Evaluation: pick the right approach
Each expected-outcome field can use a different evaluation method. All of them compare the expected text for that field to the actual LLM response. A test passes only if every field passes with its selected method.
| Approach | What it measures | Good for | Paraphrasing / synonyms | Speed | | --------- | ----------------------------- | --------------------------------------------- | ------------------------ | ------------ | | Exact | Literal keyword in response | Strict wording, facts, templates | No | Fast | | ROUGE-1 | Word overlap (unigram) | Slight paraphrasing, same key words | Moderate | Fast | | ROUGE-L | Longest common subsequence | Phrasing and word order matter | Moderate–high | Slightly slower | | Semantic | Meaning (embeddings + cosine) | Different words, same meaning | Yes | First run loads model | | BLEU | N-gram precision (1–4) | Translation-like or n-gram overlap | Moderate | Fast |
- Set per expected-outcome field via the dropdown in the UI, or via each field’s
evaluationParameters.approachwhen you passinitialTestCases. - ROUGE, BLEU, and Semantic use a fixed threshold (0.7).
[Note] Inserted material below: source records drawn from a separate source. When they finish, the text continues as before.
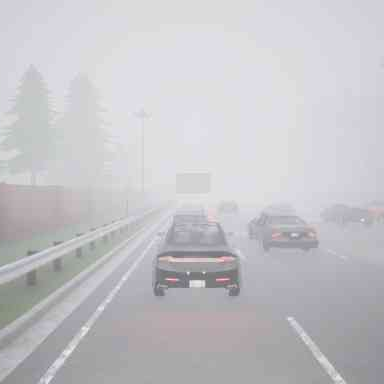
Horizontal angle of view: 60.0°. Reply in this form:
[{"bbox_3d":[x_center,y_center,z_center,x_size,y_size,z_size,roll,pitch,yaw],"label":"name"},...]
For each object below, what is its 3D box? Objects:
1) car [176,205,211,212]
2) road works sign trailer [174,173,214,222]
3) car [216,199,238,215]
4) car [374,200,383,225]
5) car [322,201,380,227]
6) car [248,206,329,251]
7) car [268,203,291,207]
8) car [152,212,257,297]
[{"bbox_3d":[0.049,1.474,19.034,1.882,1.535,5.008,0,0,5],"label":"car"},{"bbox_3d":[0.062,0.464,22.954,2.380,3.560,2.880,0,0,-1],"label":"road works sign trailer"},{"bbox_3d":[3.592,1.477,34.314,1.882,1.535,5.008,0,0,0],"label":"car"},{"bbox_3d":[14.094,1.352,24.462,2.097,1.767,4.553,0,0,0],"label":"car"},{"bbox_3d":[10.595,1.503,23.043,1.837,1.490,4.892,0,0,0],"label":"car"},{"bbox_3d":[3.592,1.547,14.092,2.033,1.411,5.357,0,0,0],"label":"car"},{"bbox_3d":[7.094,1.564,27.047,1.994,1.385,4.181,0,0,0],"label":"car"},{"bbox_3d":[0.098,1.491,8.595,2.128,1.511,4.902,0,0,0],"label":"car"}]
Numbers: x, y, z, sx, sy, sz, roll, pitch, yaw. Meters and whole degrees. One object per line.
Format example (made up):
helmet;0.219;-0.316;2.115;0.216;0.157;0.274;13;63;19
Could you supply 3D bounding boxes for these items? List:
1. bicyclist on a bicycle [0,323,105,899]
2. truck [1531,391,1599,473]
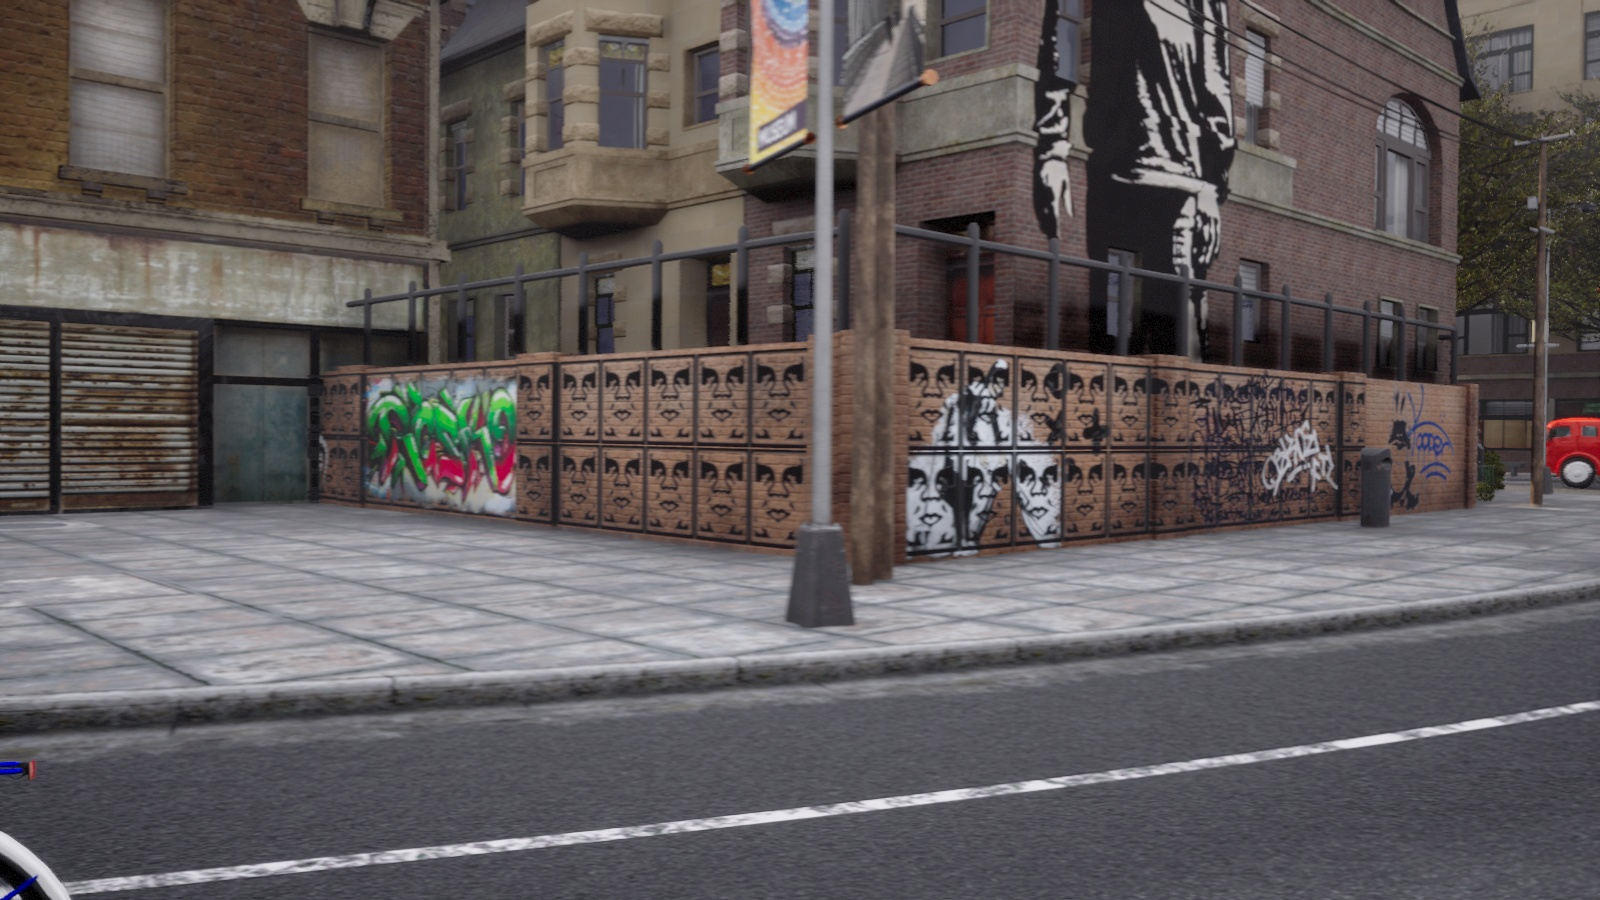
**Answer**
bicyclist on a bicycle;-2.436;0.659;2.396;1.843;1.776;0.659;-1;1;-18
truck;25.512;-0.571;38.617;5.204;2.467;2.627;0;1;31
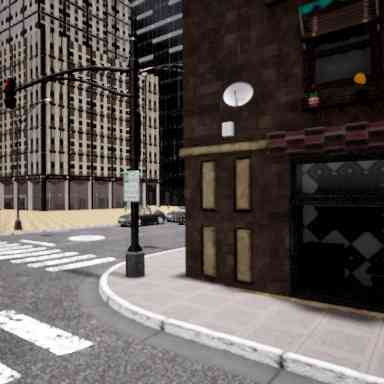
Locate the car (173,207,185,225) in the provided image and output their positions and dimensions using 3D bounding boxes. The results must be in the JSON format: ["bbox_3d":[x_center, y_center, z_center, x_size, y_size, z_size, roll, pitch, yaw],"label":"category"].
[{"bbox_3d":[0.678,1.978,27.987,2.033,1.411,5.357,-1,-1,35],"label":"car"}]

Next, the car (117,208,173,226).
[{"bbox_3d":[-3.905,1.953,26.222,2.008,1.369,4.403,-2,-2,35],"label":"car"}]

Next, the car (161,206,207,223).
[{"bbox_3d":[-0.697,2.034,30.774,2.008,1.369,4.403,-2,-2,35],"label":"car"}]
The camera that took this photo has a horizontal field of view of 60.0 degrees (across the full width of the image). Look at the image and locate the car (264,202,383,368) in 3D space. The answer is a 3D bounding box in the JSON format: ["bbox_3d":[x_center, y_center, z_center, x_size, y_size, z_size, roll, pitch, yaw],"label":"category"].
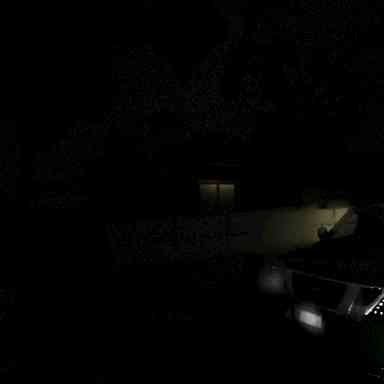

- Semantic uses in-browser embeddings (Xenova/all-MiniLM-L6-v2). The first time you use it, the model is downloaded; later runs are faster.
Expected outcome fields
Expected outcomes can be more than a single text block. You can define:
- text — Single line
- textarea — Multi-line
- chips-input — List of keywords (each compared in evaluation)
- select — Dropdown (value must be one of the options)
When you pass initialTestCases, use an array of objects with type, label, and value (and for select, options). For new test cases, the runner uses defaultExpectedOutcomeSchema if you pass it; otherwise it uses a default single textarea.
API reference
Props
| Prop | Attribute | Type | Default | Description |
|------|-----------|------|---------|-------------|
| delayMs | delay-ms | number | 500 | Delay (ms) between API calls when running all tests (rate limiting). |
| useSave | use-save | boolean | false | Show Save button and emit save events. |
| initialTestCases | — | TestCase[] | undefined | Preload test cases. See types below. |
| defaultExpectedOutcomeSchema | — | ExpectedOutcomeSchema | built-in | Schema for new test cases (field types and labels). |
Events
| Event | Payload | Description |
|-------|---------|-------------|
| llmRequest | { prompt, resolve, reject } | Runner needs an LLM response. Call resolve(responseText) or reject(error). |
| save | { timestamp, testCases } | User clicked Save (only when useSave is true). Persist then call resetSavingState(). |
Methods
| Method | Description |
|--------|-------------|
| resetSavingState() | Call after you finish persisting a save so the Save button leaves loading state. Use a ref in React. |
Types
Import from llm-testrunner-components/react/types:
import type {
TestCase,
LLMRequestPayload,
SavePayload,
ExpectedOutcomeSchema,
ExpectedOutcomeField,
EvaluationParameters,
} from "llm-testrunner-components/react/types";Import and export
- Import — Use the UI to load a JSON file. It must be an array of test cases. Invalid or empty files show an error.
- Export test suite — Downloads a JSON file with the current test cases.
- Export results — Downloads a CSV of the latest run (includes evaluation score).
Contributing
We welcome contributions. See CONTRIBUTING.md for how to get started (opening issues, pull request workflow, and code of conduct).
License
The project is licensed under the MIT License.
Third-party licenses are in node_modules/<package>/. This project uses licensee and the Blue Oak Council permissive list; only dependencies with a Blue Oak bronze-or-better license (or an exception in .licensee.json) are allowed. Run npm run license-check to verify locally.